The first thing the new fruit company owner did was ravage the land. He brought in Mexican workers to cut the big trees, plow the virgin ground, and plant row after row of cherry trees on the hillsides. He expanded the large ponds my father had bulldozed out of the hill, to capture runoff from the hillside. It was very sad. Now the property is dotted with cherry trees, and pesticides are being used on a regular basis. The runoff from the pesticides makes its way into the water table and ends up in the creek. I know my father wasn't thinking of us or the land when he executed his plan. The land was worth over a million dollars, and my father sold it for $300,000.

This is why one of my goals is to own land again. I relate to the the film "Off the Map." It is the way most people should live. If you get the chance to own your own land, you should grab the opportunity. On my future land I'm going to raise organic fruits and vegetables. And when I die I'll be sure people I love get a piece of it.

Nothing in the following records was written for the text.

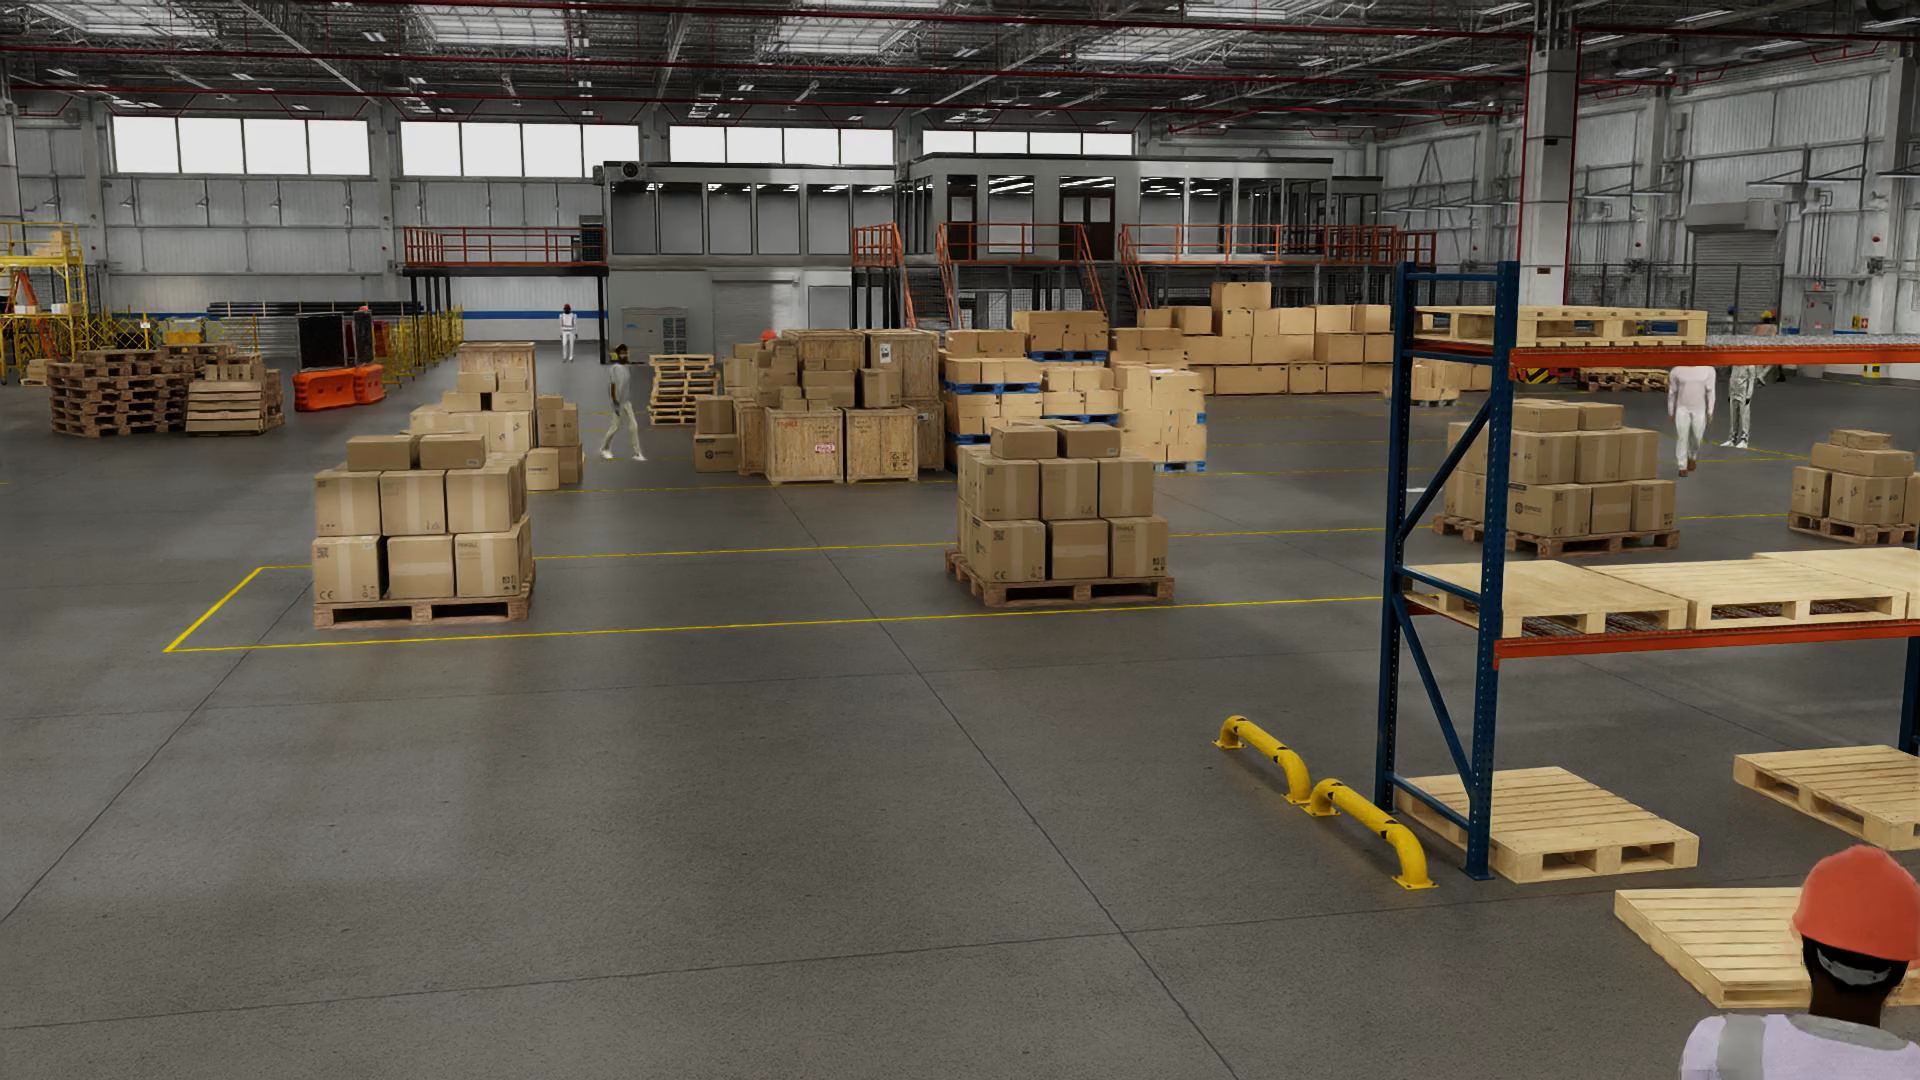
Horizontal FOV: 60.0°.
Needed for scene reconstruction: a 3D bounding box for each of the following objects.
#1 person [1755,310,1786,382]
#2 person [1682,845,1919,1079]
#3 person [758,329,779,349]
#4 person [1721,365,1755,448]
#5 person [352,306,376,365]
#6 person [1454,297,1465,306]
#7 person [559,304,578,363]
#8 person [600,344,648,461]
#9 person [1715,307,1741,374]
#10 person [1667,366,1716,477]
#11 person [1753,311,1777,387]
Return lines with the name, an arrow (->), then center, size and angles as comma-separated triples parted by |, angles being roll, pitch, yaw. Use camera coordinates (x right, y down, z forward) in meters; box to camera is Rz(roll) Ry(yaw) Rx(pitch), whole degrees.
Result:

I do not know if retirement is all it is made out to be. I was walking on the snow covered sidewalk in my neighborhood two days ago and I had to walk around an older gentleman who was walking rather slowly. I noted he was about sixty years of age, and well dressed for the weather, in a long wool coat, and durable boots. I struck up a conversation regarding his preparedness, and he mentioned that he was retired, and not in any hurry to get anywhere. I said it must be nice to be retired, and he replied that mostly he was bored and didn't know what to do with his time. That wouldn't be the case with me. I would always be busy doing some project. When I go, maybe I'll be holding a paint brush in one hand, or I'll have my head resting on a manuscript I just printed out. Or maybe I will have just taken a bite of ripe mango that I am painting a still life of, the morning sunlight coming in my studio windows, glinting off its colorful skin.

Retirement is a long ways off, but maybe I won't retire. Maybe I'll just keep on keeping on until I die. I want to die with a smile on my face. That's the best retirement there is: dying happy.